Foreign exchange, one of the most popularly traded markets globally, is also referred to as forex trading or FX. It refers to the exchange of currencies on a determined exchange price. Today, forex trading brings out profits amount to more than $4 trillion each day. This niche has become quite popular, even better than the New York Stock Exchange with turnovers of almost $50 billion each day. Simply put, forex trading is one of the largest financial trading niches globally.
Through the power of speculation, forex traders usually exchange one currency for the other through buying and selling for profit. At any time, the currency value of any denomination can depreciate or appreciate which can be attributable to a variety of factors. These include geopolitics and economic constraints. Using information on the recent trades, forex traders speculate the way forward for any currency and use this information to gain profits through selling or buying different binary boom currencies.
Contrary to the normal financial markets, forex markets don’t have an exact physical location, specific timeline for trading or central exchange points. Rather, any one from any part of the world can trade day and night and gain profit accordingly. There are no requirements or restrictions on which individuals can participate in these trades and so participants can range from individuals to banks or businesses. Every single passing second, a currency can depreciate or appreciate giving the trader a chance to make a fortune or not from any transaction.
Features Of Forex Trading
• 24 Hours Trading
This is one of the reasons why forex trading has become quite popular all over the world. From Sunday evening all through the week to the wee hours of Friday night, you can make your transaction without time running out. In the Australian continent, trading opens up on Monday morning followed closely by the Asian continent (which mostly happens in Singapore and Tokyo) then the London markets open up throughout the week until Friday night when New York forex markets make the last call.
Price gapping, a practice where currency prices jump from one level to the other without any trading, is considerably reduced thanks to the 24 hour clock on the forex markets. Even better, forex traders can make their trades and take a stand any time they feel like doing so.

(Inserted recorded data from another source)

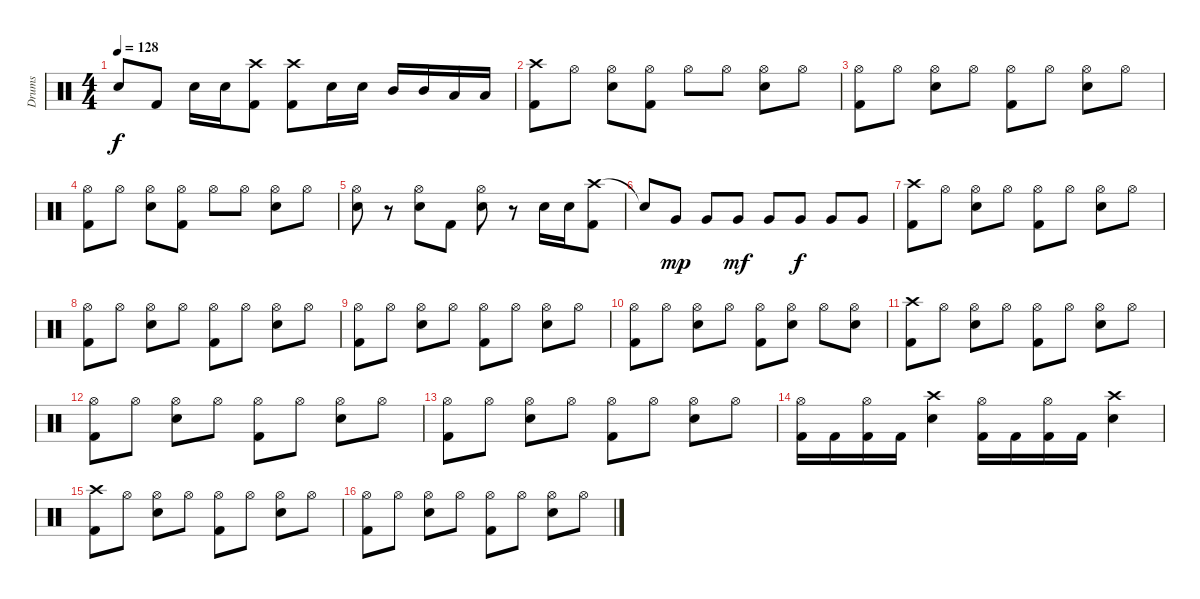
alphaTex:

\track ("Drums" "Drums") {instrument percussion}
\staff {score}
\articulation defaults
\ts (4 4)
\tempo 128
\clef neutral
\ks c "Snare (hit) 2".8{dy f} "Kick (hit) 2".8 "Snare (hit) 2".16 "Snare (hit) 2".16
("Crash high (hit)" "Kick (hit) 2").8 ("Crash high (hit)" "Kick (hit) 2").8 "Snare (hit) 2".16 "Snare (hit) 2".16 "Mid Tom (hit)".16 "Mid Tom (hit)".16 "Low Tom (hit)".16 "Low Tom (hit)".16 |
("Crash high (hit)" "Kick (hit) 2").8 "Hi-Hat (open)".8 ("Hi-Hat (open)" "Snare (hit) 2").8 ("Hi-Hat (open)" "Kick (hit) 2").8 "Hi-Hat (open)".8 "Hi-Hat (open)".8 ("Hi-Hat (open)" "Snare (hit) 2").8 "Hi-Hat (open)".8 |
("Hi-Hat (open)" "Kick (hit) 2").8 "Hi-Hat (open)".8 ("Hi-Hat (open)" "Snare (hit) 2").8 "Hi-Hat (open)".8 ("Hi-Hat (open)" "Kick (hit) 2").8 "Hi-Hat (open)".8 ("Hi-Hat (open)" "Snare (hit) 2").8 "Hi-Hat (open)".8 |
("Hi-Hat (open)" "Kick (hit) 2").8 "Hi-Hat (open)".8 ("Hi-Hat (open)" "Snare (hit) 2").8 ("Hi-Hat (open)" "Kick (hit) 2").8 "Hi-Hat (open)".8 "Hi-Hat (open)".8 ("Hi-Hat (open)" "Snare (hit) 2").8 "Hi-Hat (open)".8 |
("Hi-Hat (open)" "Snare (hit) 2").8 r.8 ("Hi-Hat (open)" "Snare (hit) 2").8 "Kick (hit) 2".8 ("Hi-Hat (open)" "Snare (hit) 2").8 r.8 "Snare (hit) 2".16 "Snare (hit) 2".16 ("Crash high (hit)" "Kick (hit) 2").8 |
"Snare (hit)"{t}.8 "Very Low Tom (hit)".8{dy mp} "Very Low Tom (hit)".8 "Very Low Tom (hit)".8{dy mf} "Very Low Tom (hit)".8 "Very Low Tom (hit)".8{dy f} "Very Low Tom (hit)".8 "Very Low Tom (hit)".8 |
("Crash high (hit)" "Kick (hit) 2").8 "Hi-Hat (open)".8 ("Hi-Hat (open)" "Snare (hit) 2").8 "Hi-Hat (open)".8 ("Hi-Hat (open)" "Kick (hit) 2").8 "Hi-Hat (open)".8 ("Hi-Hat (open)" "Snare (hit) 2").8 "Hi-Hat (open)".8 |
("Hi-Hat (open)" "Kick (hit) 2").8 "Hi-Hat (open)".8 ("Hi-Hat (open)" "Snare (hit) 2").8 "Hi-Hat (open)".8 ("Hi-Hat (open)" "Kick (hit) 2").8 "Hi-Hat (open)".8 ("Hi-Hat (open)" "Snare (hit) 2").8 "Hi-Hat (open)".8 |
("Hi-Hat (open)" "Kick (hit) 2").8 "Hi-Hat (open)".8 ("Hi-Hat (open)" "Snare (hit) 2").8 "Hi-Hat (open)".8 ("Hi-Hat (open)" "Kick (hit) 2").8 "Hi-Hat (open)".8 ("Hi-Hat (open)" "Snare (hit) 2").8 "Hi-Hat (open)".8 |
("Hi-Hat (open)" "Kick (hit) 2").8 "Hi-Hat (open)".8 ("Hi-Hat (open)" "Snare (hit) 2").8 "Hi-Hat (open)".8 ("Hi-Hat (open)" "Kick (hit) 2").8 ("Hi-Hat (open)" "Snare (hit) 2").8 "Hi-Hat (open)".8 ("Hi-Hat (open)" "Snare (hit) 2").8 |
("Crash high (hit)" "Kick (hit) 2").8 "Hi-Hat (open)".8 ("Hi-Hat (open)" "Snare (hit) 2").8 "Hi-Hat (open)".8 ("Hi-Hat (open)" "Kick (hit) 2").8 "Hi-Hat (open)".8 ("Hi-Hat (open)" "Snare (hit) 2").8 "Hi-Hat (open)".8 |
("Hi-Hat (open)" "Kick (hit) 2").8 "Hi-Hat (open)".8 ("Hi-Hat (open)" "Snare (hit) 2").8 "Hi-Hat (open)".8 ("Hi-Hat (open)" "Kick (hit) 2").8 "Hi-Hat (open)".8 ("Hi-Hat (open)" "Snare (hit) 2").8 "Hi-Hat (open)".8 |
("Hi-Hat (open)" "Kick (hit) 2").8 "Hi-Hat (open)".8 ("Hi-Hat (open)" "Snare (hit) 2").8 "Hi-Hat (open)".8 ("Hi-Hat (open)" "Kick (hit) 2").8 "Hi-Hat (open)".8 ("Hi-Hat (open)" "Snare (hit) 2").8 "Hi-Hat (open)".8 |
("Hi-Hat (open)" "Kick (hit) 2").16 "Kick (hit) 2".16 ("Hi-Hat (open)" "Kick (hit) 2").16 "Kick (hit) 2".16 ("Crash high (hit)" "Snare (hit) 2").4 ("Hi-Hat (open)" "Kick (hit) 2").16 "Kick (hit) 2".16 ("Hi-Hat (open)" "Kick (hit) 2").16 "Kick (hit) 2".16 ("Crash high (hit)" "Snare (hit) 2").4 |
("Crash high (hit)" "Kick (hit) 2").8 "Hi-Hat (open)".8 ("Hi-Hat (open)" "Snare (hit) 2").8 "Hi-Hat (open)".8 ("Hi-Hat (open)" "Kick (hit) 2").8 "Hi-Hat (open)".8 ("Hi-Hat (open)" "Snare (hit) 2").8 "Hi-Hat (open)".8 |
("Hi-Hat (open)" "Kick (hit) 2").8 "Hi-Hat (open)".8 ("Hi-Hat (open)" "Snare (hit) 2").8 "Hi-Hat (open)".8 ("Hi-Hat (open)" "Kick (hit) 2").8 "Hi-Hat (open)".8 ("Hi-Hat (open)" "Snare (hit) 2").8 "Hi-Hat (open)".8

To be honest, forex markets can be quite dull at times which means that the trading volumes are lower than average. However this widens the market spreads considerably.
In order to make a transaction in the forex exchange markets, you are required to deposit a smaller percentage of the whole sum. Therefore, foreign exchange trades are leveraged and marginalized depending on the current market situations. The risk of a loss or the probability of gaining profit from any trade depending on the initial capital can be quite higher than traditional financial trading methods.
All the currencies exchanged on the forex markets are paired against one another for effective pricing. They are simply divided into counter currency found on the right and the base currency found on the left side of the pairing. An example currency pairing is EUR/USD where the base currency is Euros and the counter currency is the dollar.
Depending on the nature of appreciating or depreciating of forex currency, the price movements are triggered considerably. For instance, if the price for the EUR/USD currency pairing was to depreciate, this would mean that the counter currency (USD) was actually increasing while the other (EUR) was decreasing.
Therefore, when forex traders are buying a specific currency pair, they do so with the assumption that the base currency price will increase rather than the counter currency. On the other hand, forex traders make a sale with the assumption that the base currency will depreciate in value while the counter currency increases.
• Percentage In Points (Pips)
Most of the currency pairs used in forex trading are quoted up to 5 decimal places. Change can occur from the 4th decimal place which is what is referred to as a pip. For instance, f the pairing of the EUR/USD changed from 1.33600 to 1.33720, the change would be stated as 12 pips (which is 72-60).
• Market Spreads
The difference between the bid/ask price of the currency pair is referred to as the market spread. For instance, if the pair EUR/USD is trading at 1.33600/1.33608 (which the spread would be 0.8 pips or simply 0.00008). There are a few exceptions to this are the currency pairs with the Japanese currency. For instance the pairing USD/JPY is to 2 decimal places rather than 5. As such as a pairing of USD/JPY with the price of 97.61/97.64, would result in a spread of 3 pips.
Determinants Of The Forex Price
Forex prices can be influenced by issues such as political stability/instability, economic conditions, investment flows, international trade, currency intervention, monetary policy or natural disasters. Prices can change immediately depending on short-term situations or news which gives forex traders more opportunities.